Approximate Nearest Neighbor Search (ANN)¶

Approximate Nearest Neighbor (ANN) is the core technology of vector databases. By building index structures, it significantly improves search speed within "acceptable precision loss range".

flowchart LR
    subgraph Exact vs Approximate
        A[Exact Search] -->|100% accurate| B["Time: O(N)
 unusable when N=1 billion"]
        C[Approximate Search] -->|99% accurate| D["Time: O(log N)
millisecond response"]
    end

    style A fill:#ffccbc
    style C fill:#c8e6c9
    style B fill:#ffccbc
    style D fill:#c8e6c9

Mainstream Index Algorithms¶

1. HNSW (Hierarchical Navigable Small World)¶

HNSW (Hierarchical Navigable Small World) is currently the most popular high-performance vector index algorithm.

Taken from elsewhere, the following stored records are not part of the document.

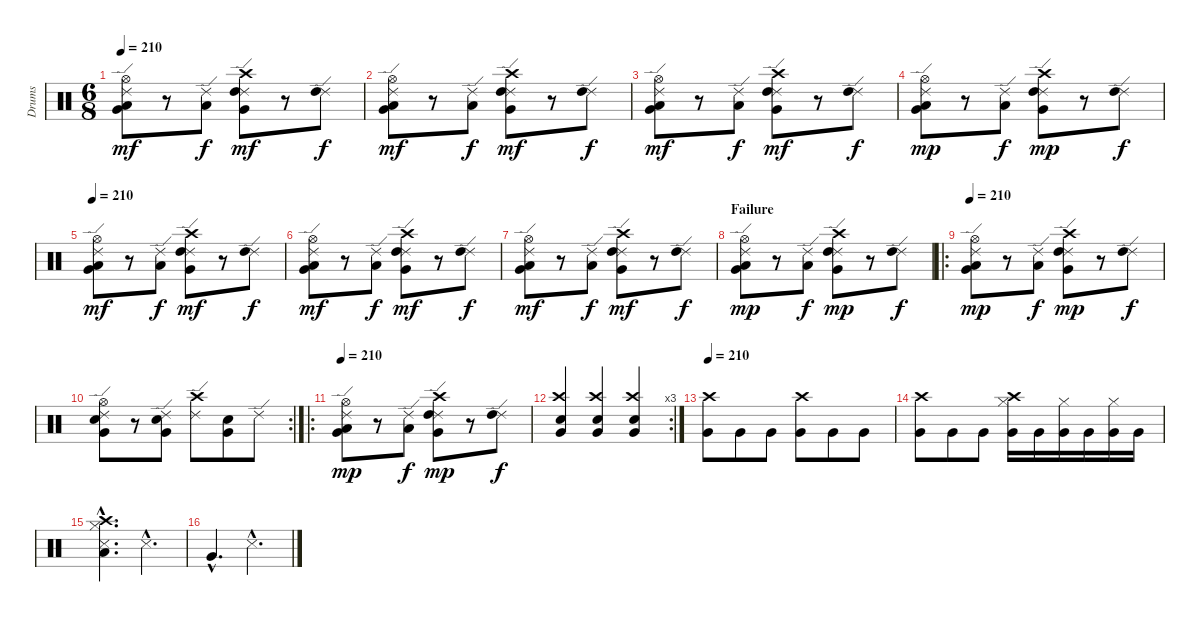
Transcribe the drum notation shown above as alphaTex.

\track ("Drums" "Drums") {instrument percussion}
\staff {score}
\articulation defaults
\ts (6 8)
\tempo 210
\clef neutral
\ks c
("Ride (edge) 2" "Hi-Hat (open)" "Low Tom (hit)" "Very Low Tom (hit)").8{dy mf} r.8 ("Ride (edge) 2" "Low Tom (hit)").8{dy f} ("Ride (edge) 2" "Crash high (hit)" "High Tom (hit)" "Very Low Tom (hit)").8{dy mf} r.8 ("Ride (edge) 2" "High Tom (hit)").8{dy f} |
("Ride (edge) 2" "Hi-Hat (open)" "Low Tom (hit)" "Very Low Tom (hit)").8{dy mf} r.8 ("Ride (edge) 2" "Low Tom (hit)").8{dy f} ("Ride (edge) 2" "Crash high (hit)" "High Tom (hit)" "Very Low Tom (hit)").8{dy mf} r.8 ("Ride (edge) 2" "High Tom (hit)").8{dy f} |
("Ride (edge) 2" "Hi-Hat (open)" "Low Tom (hit)" "Very Low Tom (hit)").8{dy mf} r.8 ("Ride (edge) 2" "Low Tom (hit)").8{dy f} ("Ride (edge) 2" "Crash high (hit)" "High Tom (hit)" "Very Low Tom (hit)").8{dy mf} r.8 ("Ride (edge) 2" "High Tom (hit)").8{dy f} |
("Ride (edge) 2" "Hi-Hat (open)" "Low Tom (hit)" "Very Low Tom (hit)").8{dy mp} r.8 ("Ride (edge) 2" "Low Tom (hit)").8{dy f} ("Ride (edge) 2" "Crash high (hit)" "High Tom (hit)" "Very Low Tom (hit)").8{dy mp} r.8 ("Ride (edge) 2" "High Tom (hit)").8{dy f} |
\tempo 210
("Ride (edge) 2" "Hi-Hat (open)" "Low Tom (hit)" "Very Low Tom (hit)").8{dy mf} r.8 ("Ride (edge) 2" "Low Tom (hit)").8{dy f} ("Ride (edge) 2" "Crash high (hit)" "High Tom (hit)" "Very Low Tom (hit)").8{dy mf} r.8 ("Ride (edge) 2" "High Tom (hit)").8{dy f} |
("Ride (edge) 2" "Hi-Hat (open)" "Low Tom (hit)" "Very Low Tom (hit)").8{dy mf} r.8 ("Ride (edge) 2" "Low Tom (hit)").8{dy f} ("Ride (edge) 2" "Crash high (hit)" "High Tom (hit)" "Very Low Tom (hit)").8{dy mf} r.8 ("Ride (edge) 2" "High Tom (hit)").8{dy f} |
("Ride (edge) 2" "Hi-Hat (open)" "Low Tom (hit)" "Very Low Tom (hit)").8{dy mf} r.8 ("Ride (edge) 2" "Low Tom (hit)").8{dy f} ("Ride (edge) 2" "Crash high (hit)" "High Tom (hit)" "Very Low Tom (hit)").8{dy mf} r.8 ("Ride (edge) 2" "High Tom (hit)").8{dy f} |
\section ("" "Failure")
("Ride (edge) 2" "Hi-Hat (open)" "Low Tom (hit)" "Very Low Tom (hit)").8{dy mp} r.8 ("Ride (edge) 2" "Low Tom (hit)").8{dy f} ("Ride (edge) 2" "Crash high (hit)" "High Tom (hit)" "Very Low Tom (hit)").8{dy mp} r.8 ("Ride (edge) 2" "High Tom (hit)").8{dy f} |
\ro
\tempo 210
("Ride (edge) 2" "Hi-Hat (open)" "Low Tom (hit)" "Very Low Tom (hit)").8{dy mp} r.8 ("Ride (edge) 2" "Low Tom (hit)").8{dy f} ("Ride (edge) 2" "Crash high (hit)" "High Tom (hit)" "Very Low Tom (hit)").8{dy mp} r.8 ("Ride (edge) 2" "High Tom (hit)").8{dy f} |
\rc 2
("Ride (edge) 2" "Hi-Hat (open)" "Electric Snare (hit)" "Very Low Tom (hit)").8 r.8 ("Ride (edge) 2" "Electric Snare (hit)" "Very Low Tom (hit)").8 ("Ride (edge) 2" "Crash high (hit)").8 ("Electric Snare (hit)" "Very Low Tom (hit)").8 "Ride (edge) 2".8 |
\ro
\tempo 210
("Ride (edge) 2" "Hi-Hat (open)" "Low Tom (hit)" "Very Low Tom (hit)").8{dy mp} r.8 ("Ride (edge) 2" "Low Tom (hit)").8{dy f} ("Ride (edge) 2" "Crash high (hit)" "High Tom (hit)" "Very Low Tom (hit)").8{dy mp} r.8 ("Ride (edge) 2" "High Tom (hit)").8{dy f} |
\rc 3
("Crash high (hit)" "Electric Snare (hit)" "Very Low Tom (hit)").4 ("Crash high (hit)" "Electric Snare (hit)" "Very Low Tom (hit)").4 ("Crash high (hit)" "Electric Snare (hit)" "Very Low Tom (hit)").4 |
\tempo 210
("Crash high (hit)" "Very Low Tom (hit)").8 "Very Low Tom (hit)".8 "Very Low Tom (hit)".8 ("Crash high (hit)" "Very Low Tom (hit)").8 "Very Low Tom (hit)".8 "Very Low Tom (hit)".8 |
("Crash high (hit)" "Very Low Tom (hit)").8 "Very Low Tom (hit)".8 "Very Low Tom (hit)".8 ("Hi-Hat (closed)" "Crash high (hit)" "Very Low Tom (hit)").16 "Very Low Tom (hit)".16 ("Hi-Hat (closed)" "Very Low Tom (hit)").16 "Very Low Tom (hit)".16 ("Hi-Hat (closed)" "Very Low Tom (hit)").16 "Very Low Tom (hit)".16 |
("Hi-Hat (closed)"{hac} "Crash high (hit)"{hac} "Snare (side stick) 3"{hac} "Low Floor Tom (hit)"{hac}).4{d} "Snare (side stick) 3"{hac}.4{d} |
"Very Low Tom (hit)"{hac}.4{d} "Snare (side stick) 3"{hac}.4{d}
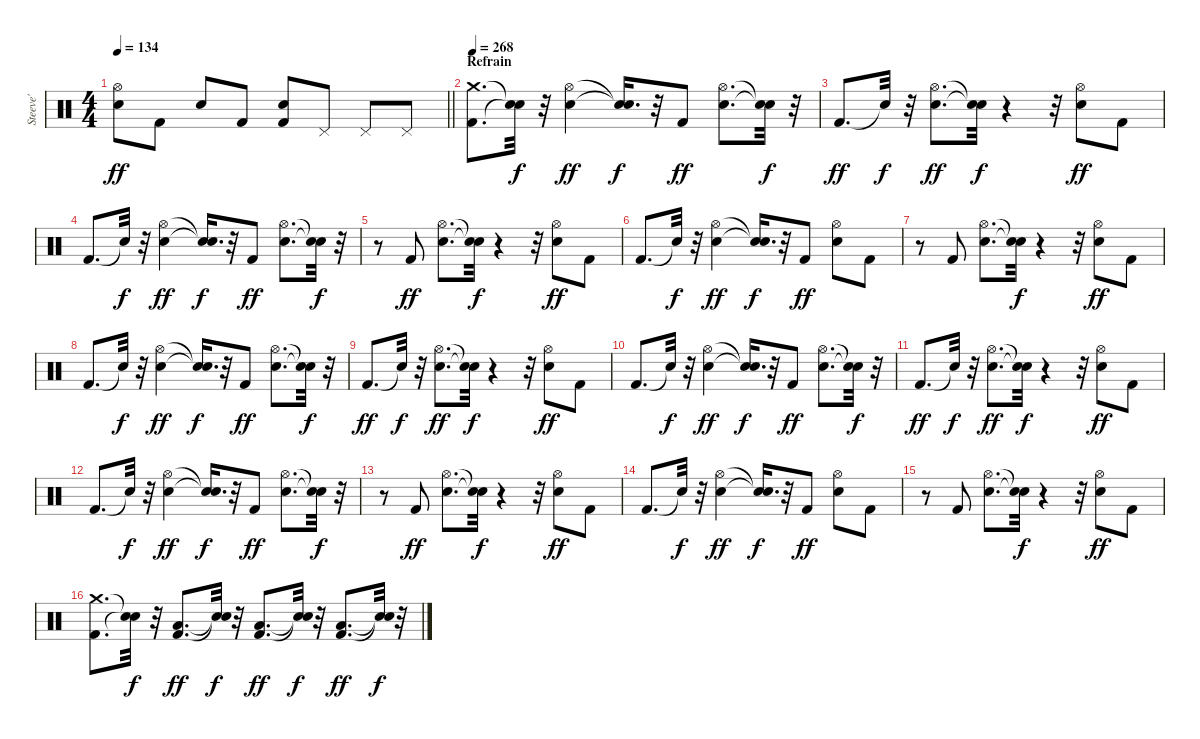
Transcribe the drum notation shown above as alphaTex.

\track ("Steeve'" "Steeve'") {instrument percussion}
\staff {score}
\articulation defaults
\ts (4 4)
\tempo 134
\clef neutral
\barLineRight lightlight
\ks c
("Electric Snare (hit)" "Hi-Hat (open)").8{dy ff} "Kick (hit) 2".8 "Electric Snare (hit)".8 "Kick (hit) 2".8 ("Kick (hit) 2" "Electric Snare (hit)").8 "Pedal Hi-Hat (hit)".8 "Pedal Hi-Hat (hit)".8 "Pedal Hi-Hat (hit)".8 |
\section ("" "Refrain")
\tempo 268
("Kick (hit) 2" "Crash medium (hit)").8{d} ("Snare (hit)"{t} "Snare (hit)"{t}).32{dy f} r.32 ("Electric Snare (hit)" "Hi-Hat (open)").4{dy ff} ("Snare (hit)"{t} "Snare (hit)"{t}).16{d dy f} r.32 "Kick (hit) 2".8{dy ff} ("Electric Snare (hit)" "Hi-Hat (open)").8{d} ("Snare (hit)"{t} "Snare (hit)"{t}).32{dy f} r.32 |
"Kick (hit) 2".8{d dy ff} "Snare (hit)"{t}.32{dy f} r.32 ("Electric Snare (hit)" "Hi-Hat (open)").8{d dy ff} ("Snare (hit)"{t} "Snare (hit)"{t}).32{dy f} r.4 r.32 ("Electric Snare (hit)" "Hi-Hat (open)").8{dy ff} "Kick (hit) 2".8 |
"Kick (hit) 2".8{d} "Snare (hit)"{t}.32{dy f} r.32 ("Electric Snare (hit)" "Hi-Hat (open)").4{dy ff} ("Snare (hit)"{t} "Snare (hit)"{t}).16{d dy f} r.32 "Kick (hit) 2".8{dy ff} ("Electric Snare (hit)" "Hi-Hat (open)").8{d} ("Snare (hit)"{t} "Snare (hit)"{t}).32{dy f} r.32 |
r.8 "Kick (hit) 2".8{dy ff} ("Electric Snare (hit)" "Hi-Hat (open)").8{d} ("Snare (hit)"{t} "Snare (hit)"{t}).32{dy f} r.4 r.32 ("Electric Snare (hit)" "Hi-Hat (open)").8{dy ff} "Kick (hit) 2".8 |
"Kick (hit) 2".8{d} "Snare (hit)"{t}.32{dy f} r.32 ("Electric Snare (hit)" "Hi-Hat (open)").4{dy ff} ("Snare (hit)"{t} "Snare (hit)"{t}).16{d dy f} r.32 "Kick (hit) 2".8{dy ff} ("Electric Snare (hit)" "Hi-Hat (open)").8 "Kick (hit) 2".8 |
r.8 "Kick (hit) 2".8 ("Electric Snare (hit)" "Hi-Hat (open)").8{d} ("Snare (hit)"{t} "Snare (hit)"{t}).32{dy f} r.4 r.32 ("Electric Snare (hit)" "Hi-Hat (open)").8{dy ff} "Kick (hit) 2".8 |
"Kick (hit) 2".8{d} "Snare (hit)"{t}.32{dy f} r.32 ("Electric Snare (hit)" "Hi-Hat (open)").4{dy ff} ("Snare (hit)"{t} "Snare (hit)"{t}).16{d dy f} r.32 "Kick (hit) 2".8{dy ff} ("Electric Snare (hit)" "Hi-Hat (open)").8{d} ("Snare (hit)"{t} "Snare (hit)"{t}).32{dy f} r.32 |
"Kick (hit) 2".8{d dy ff} "Snare (hit)"{t}.32{dy f} r.32 ("Electric Snare (hit)" "Hi-Hat (open)").8{d dy ff} ("Snare (hit)"{t} "Snare (hit)"{t}).32{dy f} r.4 r.32 ("Electric Snare (hit)" "Hi-Hat (open)").8{dy ff} "Kick (hit) 2".8 |
"Kick (hit) 2".8{d} "Snare (hit)"{t}.32{dy f} r.32 ("Electric Snare (hit)" "Hi-Hat (open)").4{dy ff} ("Snare (hit)"{t} "Snare (hit)"{t}).16{d dy f} r.32 "Kick (hit) 2".8{dy ff} ("Electric Snare (hit)" "Hi-Hat (open)").8{d} ("Snare (hit)"{t} "Snare (hit)"{t}).32{dy f} r.32 |
"Kick (hit) 2".8{d dy ff} "Snare (hit)"{t}.32{dy f} r.32 ("Electric Snare (hit)" "Hi-Hat (open)").8{d dy ff} ("Snare (hit)"{t} "Snare (hit)"{t}).32{dy f} r.4 r.32 ("Electric Snare (hit)" "Hi-Hat (open)").8{dy ff} "Kick (hit) 2".8 |
"Kick (hit) 2".8{d} "Snare (hit)"{t}.32{dy f} r.32 ("Electric Snare (hit)" "Hi-Hat (open)").4{dy ff} ("Snare (hit)"{t} "Snare (hit)"{t}).16{d dy f} r.32 "Kick (hit) 2".8{dy ff} ("Electric Snare (hit)" "Hi-Hat (open)").8{d} ("Snare (hit)"{t} "Snare (hit)"{t}).32{dy f} r.32 |
r.8 "Kick (hit) 2".8{dy ff} ("Electric Snare (hit)" "Hi-Hat (open)").8{d} ("Snare (hit)"{t} "Snare (hit)"{t}).32{dy f} r.4 r.32 ("Electric Snare (hit)" "Hi-Hat (open)").8{dy ff} "Kick (hit) 2".8 |
"Kick (hit) 2".8{d} "Snare (hit)"{t}.32{dy f} r.32 ("Electric Snare (hit)" "Hi-Hat (open)").4{dy ff} ("Snare (hit)"{t} "Snare (hit)"{t}).16{d dy f} r.32 "Kick (hit) 2".8{dy ff} ("Electric Snare (hit)" "Hi-Hat (open)").8 "Kick (hit) 2".8 |
r.8 "Kick (hit) 2".8 ("Electric Snare (hit)" "Hi-Hat (open)").8{d} ("Snare (hit)"{t} "Snare (hit)"{t}).32{dy f} r.4 r.32 ("Electric Snare (hit)" "Hi-Hat (open)").8{dy ff} "Kick (hit) 2".8 |
("Kick (hit) 2" "Crash medium (hit)").8{d} ("Snare (hit)"{t} "Snare (hit)"{t}).32{dy f} r.32 ("Kick (hit) 2" "Low Floor Tom (hit)").8{d dy ff} ("Snare (hit)"{t} "Snare (hit)"{t}).32{dy f} r.32 ("Kick (hit) 2" "Low Floor Tom (hit)").8{d dy ff} ("Snare (hit)"{t} "Snare (hit)"{t}).32{dy f} r.32 ("Kick (hit) 2" "Low Floor Tom (hit)").8{d dy ff} ("Snare (hit)"{t} "Snare (hit)"{t}).32{dy f} r.32

Core Ideas: 1. Build a multi-layer graph structure with sparse upper layers and dense lower layers 2. During query, start from the uppermost layer and quickly locate through "greedy search" 3. Use "small world" characteristics to ensure short search paths

HNSW Index Structure:

graph TB
    subgraph Layer 2 [L2 Layer - Top Navigation]
        L2_1(( )) --> L2_2(( ))
        L2_2(( )) --> L2_3(( ))
        L2_3(( )) --> L2_1(( ))
    end

    subgraph Layer 1 [L1 Layer - Middle]
        L1_1(( )) --> L1_2(( ))
        L1_2(( )) --> L1_3(( ))
        L1_3(( )) --> L1_4(( ))
        L1_4(( )) --> L1_1(( ))
        L1_2(( )) --> L1_5(( ))
    end

    subgraph Layer 0 [L0 Layer - Bottom Data]
        L0_1(( )) --> L0_2(( ))
        L0_2(( )) --> L0_3(( ))
        L0_3(( )) --> L0_4(( ))
        L0_4(( )) --> L0_5(( ))
        L0_5(( )) --> L0_6(( ))
        L0_6(( )) --> L0_7(( ))
        L0_7(( )) --> L0_8(( ))
        L0_1(( )) --> L0_4(( ))
        L0_3(( )) --> L0_6(( ))
        L0_5(( )) --> L0_8(( ))
    end

    subgraph Query Path
        Q((Query)) -->|1. Enter L2| L2_2
        L2_2 -->|2. Descend to L1| L1_3
        L1_3 -->|3. Descend to L0| L0_4
        L0_4 -->|4. Local search| L0_5
    end

    style L2_1 fill:#90caf9
    style L2_2 fill:#90caf9
    style L2_3 fill:#90caf9

    style Q fill:#ff5722,color:#fff

HNSW Search Process Example:

# HNSW search pseudocode
def hnsw_search(query_vector, index, top_k=10):
    # 1. Start from the highest layer
    current_layer = index.max_layer

    # 2. Greedy search in current layer, find the nearest entry point
    entry_point = index.get_entry_point(current_layer)
    while current_layer > 0:
        neighbors = index.get_neighbors(entry_point, current_layer)
        best_next = find_nearest(query_vector, neighbors)
        if distance(query_vector, best_next) < distance(query_vector, entry_point):
            entry_point = best_next
        current_layer -= 1

    # 3. Fine search at the bottom layer
    results = layer0_search(query_vector, entry_point, top_k)
    return results

HNSW Parameter Description:

Parameter	Description	Recommended Value
M	Maximum connections per node	16-64
efConstruction	Dynamic list size during construction	100-400
efSearch	Dynamic list size during search	100-500
max_level	Maximum number of layers	log(N)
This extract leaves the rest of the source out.